Stel dat een starterswoning €200.000 kost, dan moet je kind uit eigen middelen ruim €12.000 betalen2. Een deel van deze kosten is fiscaal aftrekbaar. Daarnaast geven starters ook geld uit aan de inrichting van hun woning. Gemiddeld zal je kind voor een starterswoning ongeveer €15.500 zelf moeten financieren.
Hoog op het verlanglijstje van kinderen die bijna 18 worden staat een rijbewijs. De kosten van het halen van een rijbewijs hangen samen met het aantal rijlessen dat je kind nodig heeft en hoe vaak hij of zij rijexamen moet doen.
Een gemiddelde leerling heeft 35-45 lessen¹ nodig en deze lessen kosten tussen de €30 – €50 per uur . Als we uitgaan van gemiddelden dan kost een rijbewijs rond €2.000. Auto’s zijn er natuurlijk in alle prijsklassen. Vanaf €3.000 heeft je kind waarschijnlijk een leuke eerste auto.
Naast een studie in Nederland zijn er tegenwoordig ook veel mogelijkheden om in het buitenland te studeren.
Een studie of stage in het buitenland is kostbaar, omdat je als student dan boven je normale uitgaven extra kosten moet maken. De kosten voor een buitenlandse studie binnen Europa kunnen oplopen tot €10.000 voor zes maanden. Een wereldreis van een half jaar is ongeveer even duur.

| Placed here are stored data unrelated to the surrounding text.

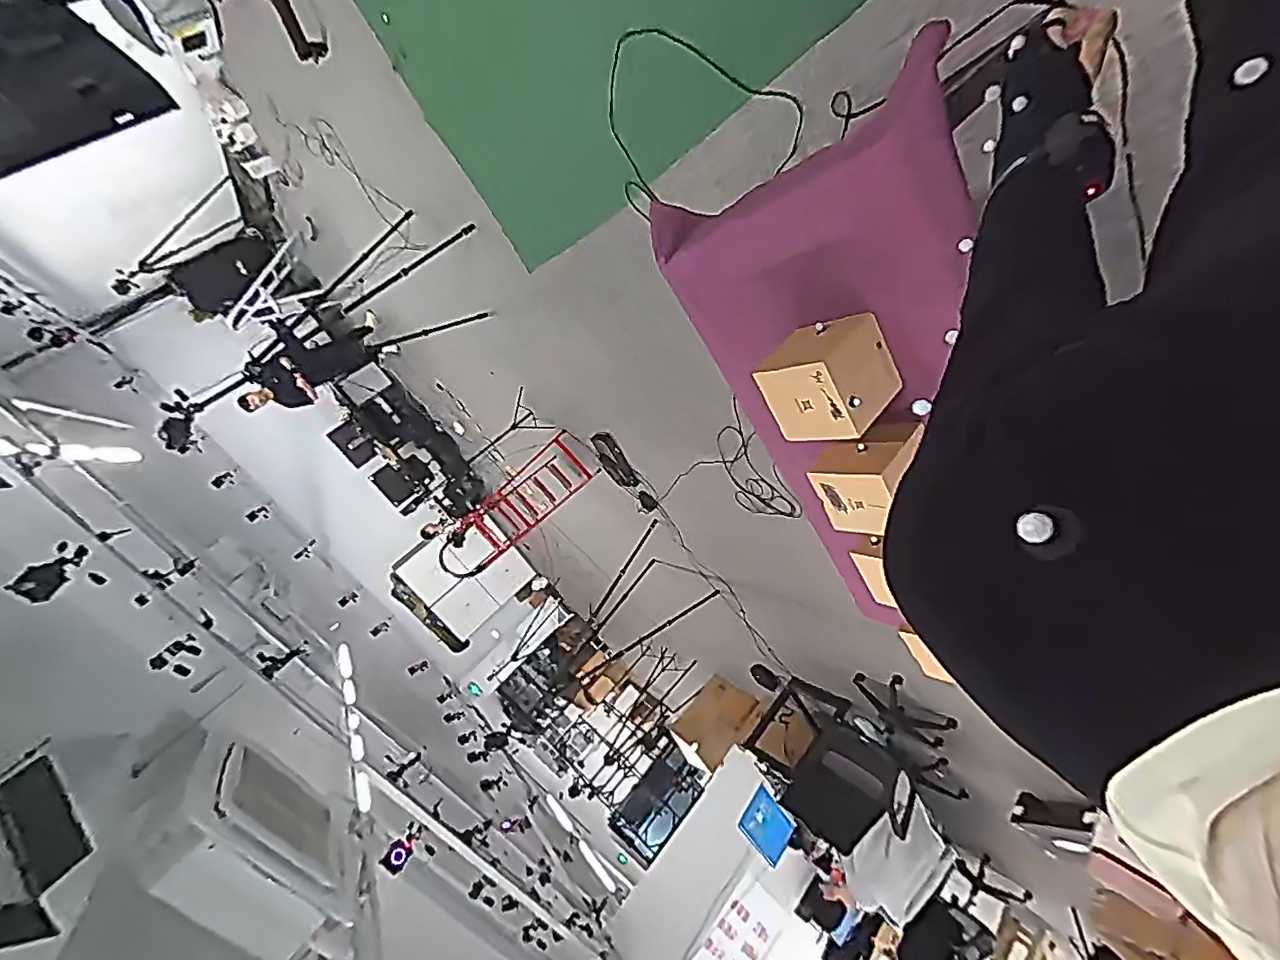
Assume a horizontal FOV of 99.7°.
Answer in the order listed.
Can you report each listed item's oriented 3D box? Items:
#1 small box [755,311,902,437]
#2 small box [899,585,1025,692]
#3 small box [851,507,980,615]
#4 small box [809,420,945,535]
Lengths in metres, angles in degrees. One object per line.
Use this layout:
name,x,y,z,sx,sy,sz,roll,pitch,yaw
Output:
small box,0.363,-0.200,1.042,0.168,0.176,0.179,55,157,-22
small box,0.763,0.361,1.282,0.168,0.176,0.179,53,156,-16
small box,0.618,0.169,1.213,0.168,0.176,0.179,55,156,-21
small box,0.495,-0.012,1.127,0.179,0.176,0.168,5,134,57
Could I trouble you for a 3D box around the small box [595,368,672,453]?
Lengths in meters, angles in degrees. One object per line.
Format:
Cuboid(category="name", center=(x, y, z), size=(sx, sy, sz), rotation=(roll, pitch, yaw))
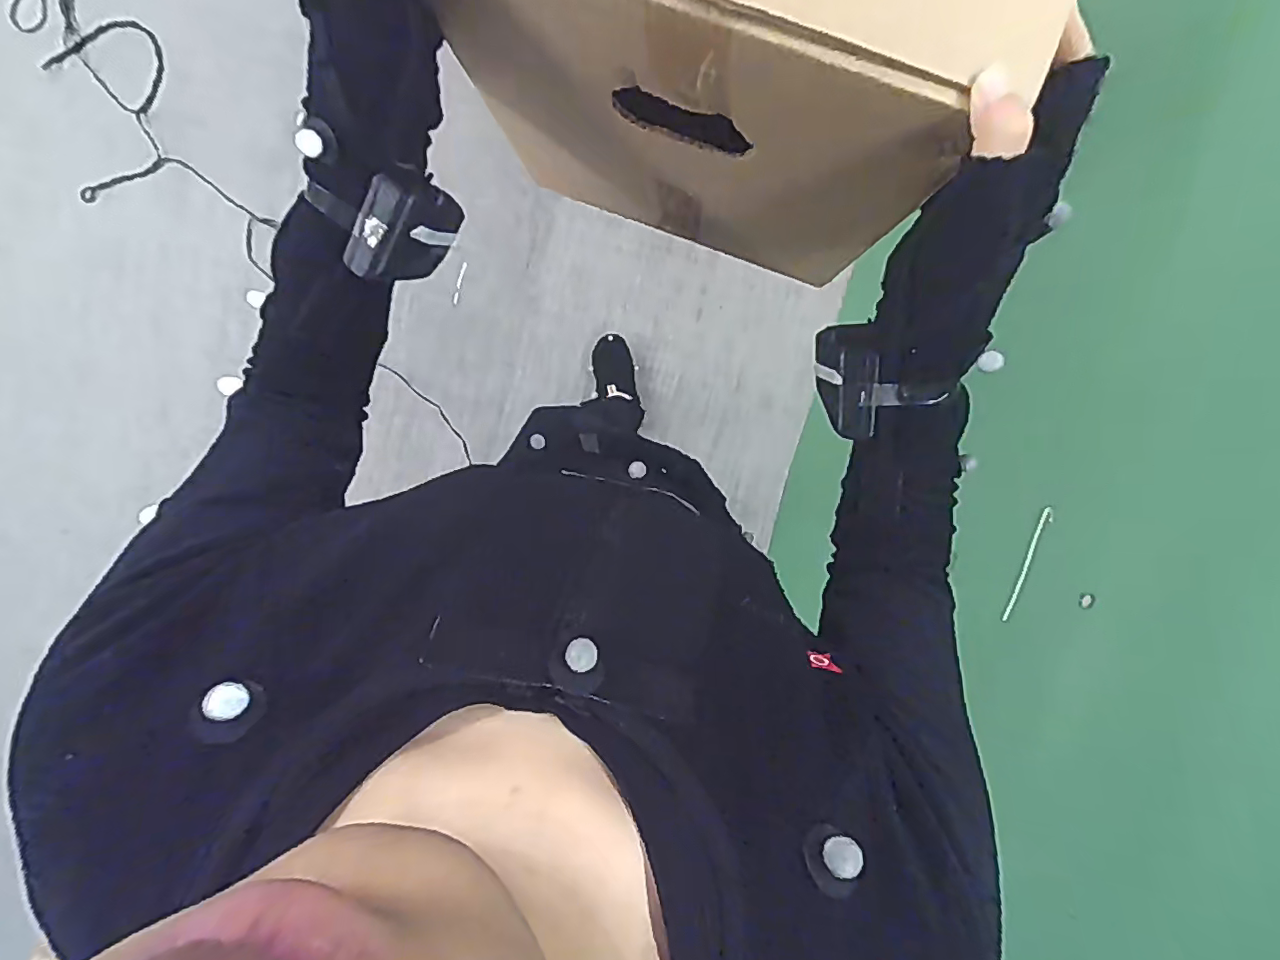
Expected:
Cuboid(category="small box", center=(-0.024, -0.183, 1.395), size=(0.168, 0.176, 0.179), rotation=(7, 107, -10))
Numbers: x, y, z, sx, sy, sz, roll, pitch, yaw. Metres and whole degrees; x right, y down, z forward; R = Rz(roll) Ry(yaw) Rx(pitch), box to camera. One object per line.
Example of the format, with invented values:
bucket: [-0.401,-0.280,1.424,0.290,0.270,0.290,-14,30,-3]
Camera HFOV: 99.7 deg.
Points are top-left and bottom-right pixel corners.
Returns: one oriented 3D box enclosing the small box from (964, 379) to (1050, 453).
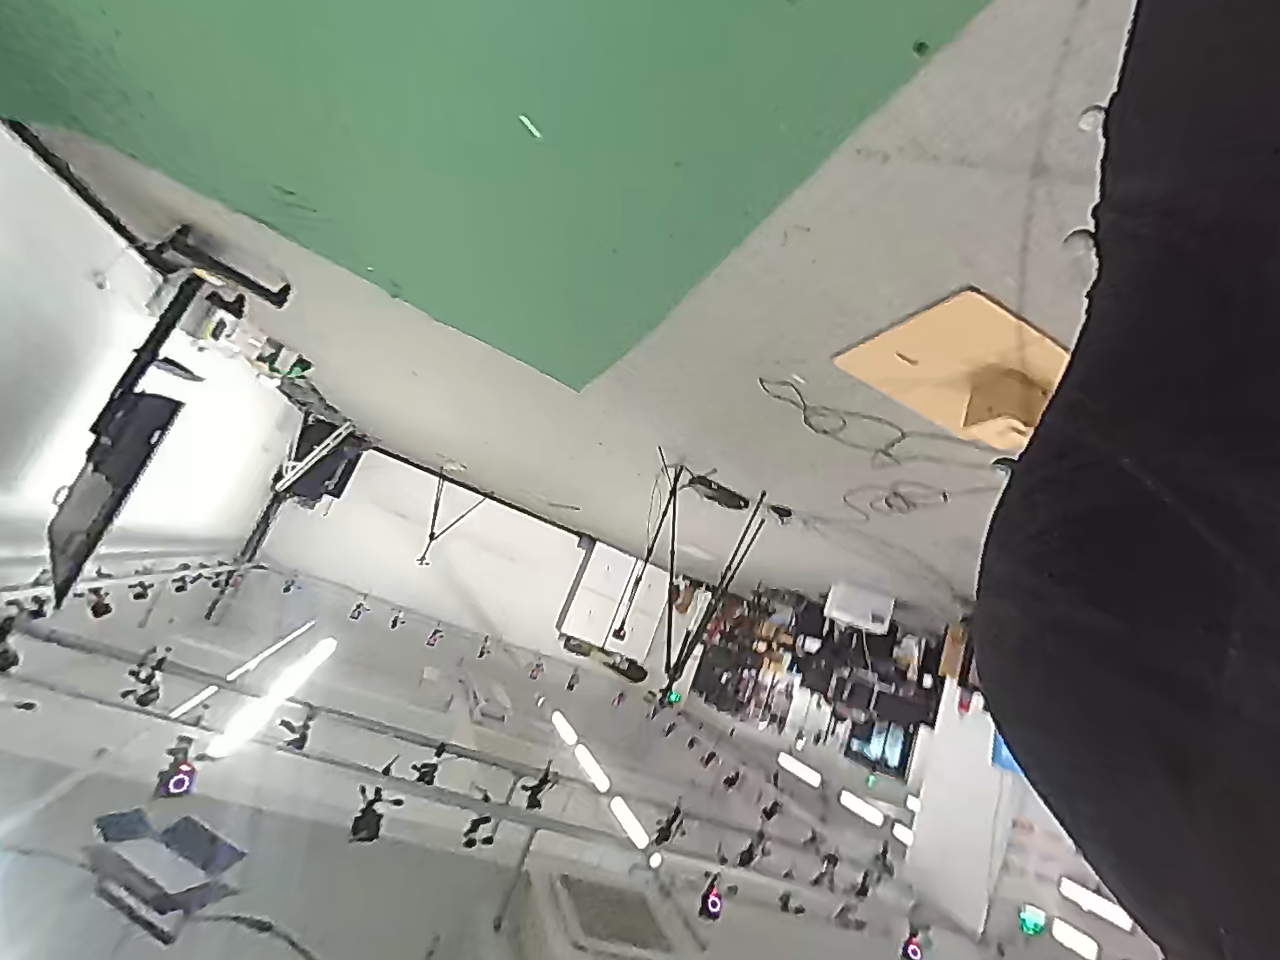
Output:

Weet je waarvoor je aan het beleggen bent? Heb je een specifiek belegdoel voor ogen? Naarmate dit doel dichterbij komt, is het verstandig om steeds minder risico te nemen met het door jou opgebouwde vermogen. Bij een kortere periode heb je namelijk minder tijd om een eventueel verlies goed te maken.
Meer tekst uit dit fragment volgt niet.